The encoding file starts with the definition of the name of the
encoding, and eventually its alternate names (aliases):

  STARTENCODING mulearabic-0
  ALIAS arabic-0
  ALIAS something-else

The names of the encoding should be suitable for use in an XLFD font
name, and therefore contain exactly one dash `-'.
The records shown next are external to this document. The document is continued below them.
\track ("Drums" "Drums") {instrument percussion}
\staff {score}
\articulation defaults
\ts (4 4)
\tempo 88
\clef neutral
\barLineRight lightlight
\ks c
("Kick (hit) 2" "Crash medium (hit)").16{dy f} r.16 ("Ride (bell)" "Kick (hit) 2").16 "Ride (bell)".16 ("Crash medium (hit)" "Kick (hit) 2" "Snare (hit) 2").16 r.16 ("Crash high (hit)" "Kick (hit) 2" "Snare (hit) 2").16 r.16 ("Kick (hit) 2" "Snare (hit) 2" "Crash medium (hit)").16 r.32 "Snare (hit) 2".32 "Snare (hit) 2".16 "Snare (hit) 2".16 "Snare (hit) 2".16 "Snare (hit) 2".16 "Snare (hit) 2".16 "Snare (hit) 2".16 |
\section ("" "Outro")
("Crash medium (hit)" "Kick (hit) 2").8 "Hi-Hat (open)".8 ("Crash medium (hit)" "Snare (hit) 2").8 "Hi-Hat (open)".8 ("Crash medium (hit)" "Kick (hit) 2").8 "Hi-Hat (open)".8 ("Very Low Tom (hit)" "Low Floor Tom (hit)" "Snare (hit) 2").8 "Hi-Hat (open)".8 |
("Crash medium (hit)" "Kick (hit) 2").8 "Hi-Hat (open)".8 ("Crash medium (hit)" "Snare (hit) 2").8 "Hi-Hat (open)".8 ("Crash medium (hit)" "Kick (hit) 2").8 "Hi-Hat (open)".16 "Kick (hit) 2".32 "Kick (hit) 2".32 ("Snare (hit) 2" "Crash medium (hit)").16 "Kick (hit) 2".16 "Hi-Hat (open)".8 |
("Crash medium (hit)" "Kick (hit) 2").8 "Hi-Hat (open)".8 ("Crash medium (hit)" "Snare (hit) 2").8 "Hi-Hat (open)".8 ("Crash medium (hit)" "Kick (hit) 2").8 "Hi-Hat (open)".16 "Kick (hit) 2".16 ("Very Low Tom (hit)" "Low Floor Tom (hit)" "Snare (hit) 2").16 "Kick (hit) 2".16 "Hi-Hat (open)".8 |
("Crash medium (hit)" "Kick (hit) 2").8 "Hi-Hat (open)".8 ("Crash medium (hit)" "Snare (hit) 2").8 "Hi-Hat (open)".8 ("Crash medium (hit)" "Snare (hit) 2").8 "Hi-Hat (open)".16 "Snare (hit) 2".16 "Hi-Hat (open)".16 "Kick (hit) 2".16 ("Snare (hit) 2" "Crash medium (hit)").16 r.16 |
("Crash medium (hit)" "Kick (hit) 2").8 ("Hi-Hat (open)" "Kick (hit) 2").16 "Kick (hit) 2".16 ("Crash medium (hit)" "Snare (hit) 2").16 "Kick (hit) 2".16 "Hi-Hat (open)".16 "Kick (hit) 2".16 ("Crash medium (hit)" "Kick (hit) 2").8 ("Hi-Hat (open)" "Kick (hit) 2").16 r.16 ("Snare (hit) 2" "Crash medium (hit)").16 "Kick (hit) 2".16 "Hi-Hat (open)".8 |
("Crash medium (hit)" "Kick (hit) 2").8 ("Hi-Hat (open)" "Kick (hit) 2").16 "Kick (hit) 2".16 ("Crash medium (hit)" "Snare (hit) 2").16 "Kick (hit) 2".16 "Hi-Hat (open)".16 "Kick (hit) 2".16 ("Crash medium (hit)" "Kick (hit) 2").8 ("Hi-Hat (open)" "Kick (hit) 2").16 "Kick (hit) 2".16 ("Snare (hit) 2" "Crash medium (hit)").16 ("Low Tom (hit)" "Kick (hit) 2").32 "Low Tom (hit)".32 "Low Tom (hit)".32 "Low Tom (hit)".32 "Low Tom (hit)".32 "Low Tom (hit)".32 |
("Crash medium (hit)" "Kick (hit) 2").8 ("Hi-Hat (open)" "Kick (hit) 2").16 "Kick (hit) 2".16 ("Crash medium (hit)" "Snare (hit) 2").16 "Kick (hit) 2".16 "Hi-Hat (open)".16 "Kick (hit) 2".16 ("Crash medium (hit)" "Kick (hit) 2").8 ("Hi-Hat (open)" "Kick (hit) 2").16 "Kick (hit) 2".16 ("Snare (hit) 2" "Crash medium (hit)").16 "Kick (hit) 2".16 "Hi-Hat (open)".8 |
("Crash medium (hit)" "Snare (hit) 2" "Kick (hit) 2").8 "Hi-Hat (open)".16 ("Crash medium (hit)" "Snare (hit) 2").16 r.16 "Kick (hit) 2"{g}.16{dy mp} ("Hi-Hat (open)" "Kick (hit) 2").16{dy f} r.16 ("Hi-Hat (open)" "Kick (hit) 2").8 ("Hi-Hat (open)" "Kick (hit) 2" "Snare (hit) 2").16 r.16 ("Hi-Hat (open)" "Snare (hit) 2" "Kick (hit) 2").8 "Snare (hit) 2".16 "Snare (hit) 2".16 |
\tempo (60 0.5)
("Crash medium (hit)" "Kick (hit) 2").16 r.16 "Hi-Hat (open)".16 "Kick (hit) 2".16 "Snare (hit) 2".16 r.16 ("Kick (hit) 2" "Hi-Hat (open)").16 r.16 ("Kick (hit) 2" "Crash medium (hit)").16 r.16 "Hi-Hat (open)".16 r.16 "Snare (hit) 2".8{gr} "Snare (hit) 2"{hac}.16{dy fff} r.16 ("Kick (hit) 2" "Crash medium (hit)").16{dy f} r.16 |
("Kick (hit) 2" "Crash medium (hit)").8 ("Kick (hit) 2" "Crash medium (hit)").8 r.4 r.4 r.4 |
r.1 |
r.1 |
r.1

The encoding file may then optionally declare the size of the
encoding.  For a linear encoding (such as Mule Arabic, or ISO 8859-1),
the SIZE line specifies the maximum code plus one:

  SIZE 0x2B

For a matrix encoding, such as JIS X 0208, it should specify two
numbers.  The first is the number of the last row plus one, the other,
the highest column number plus one.  In the case of `jisx0208.1990-0'
(JIS X 0208(1990), double-byte encoding, high bit clear), it should be

  SIZE 0x75 0x80

Codes outside the region defined by the size line are supposed to be
undefined.  Encodings default to linear encoding with a size of 256
(0x100).  This means that you *must* declare the size of all 16 bit
encodings.

What follows is one or more mapping sections.  A mapping section
starts with a `STARTMAPPING' line stating the target of the mapping.
The target may be one of:

* Unicode (ISO 10646):

  STARTMAPPING unicode

* a given TrueType `cmap':

  STARTMAPPING cmap 3 1

* PostScript glyph names

  STARTMAPPING postscript

Every line in a mapping section maps one from the encoding being
defined to the target of the mapping.  In mappings with a Unicode or
TrueType mapping, codes are mapped to codes:

  0x21 0x0660
  0x22 0x0661
  ...

As an abbreviation, it is possible to map a contiguous range of codes
in a single line.  A line consisting of three integers

  <start> <end> <target>

is an abbreviation for the range of lines

  <start>     <target>
  <start>+1   <target>+1
  ...
  <end>       <target>+<end>-<start>

For example, the line

  0x2121 0x215F 0x8140

is an abbreviation for

  0x2121 0x8140
  0x2122 0x8141
  ...
  0x215F 0x817E

Codes not listed are assumed to map through the identity (/i.e./ to
the same numerical value).  In order to override this default mapping,
you may specify a range of codes to be undefined by using an
`UNDEFINE' line:

  UNDEFINE 0x00 0x2A

or, for a single code

  UNDEFINE 0x1234

This works because later values override earlier one.

PostScript mappings are different.  Every line in a PostScript mapping
maps a code to a glyph name

  0x41 A
  0x42 B
  ...

and codes not explicitly listed are undefined.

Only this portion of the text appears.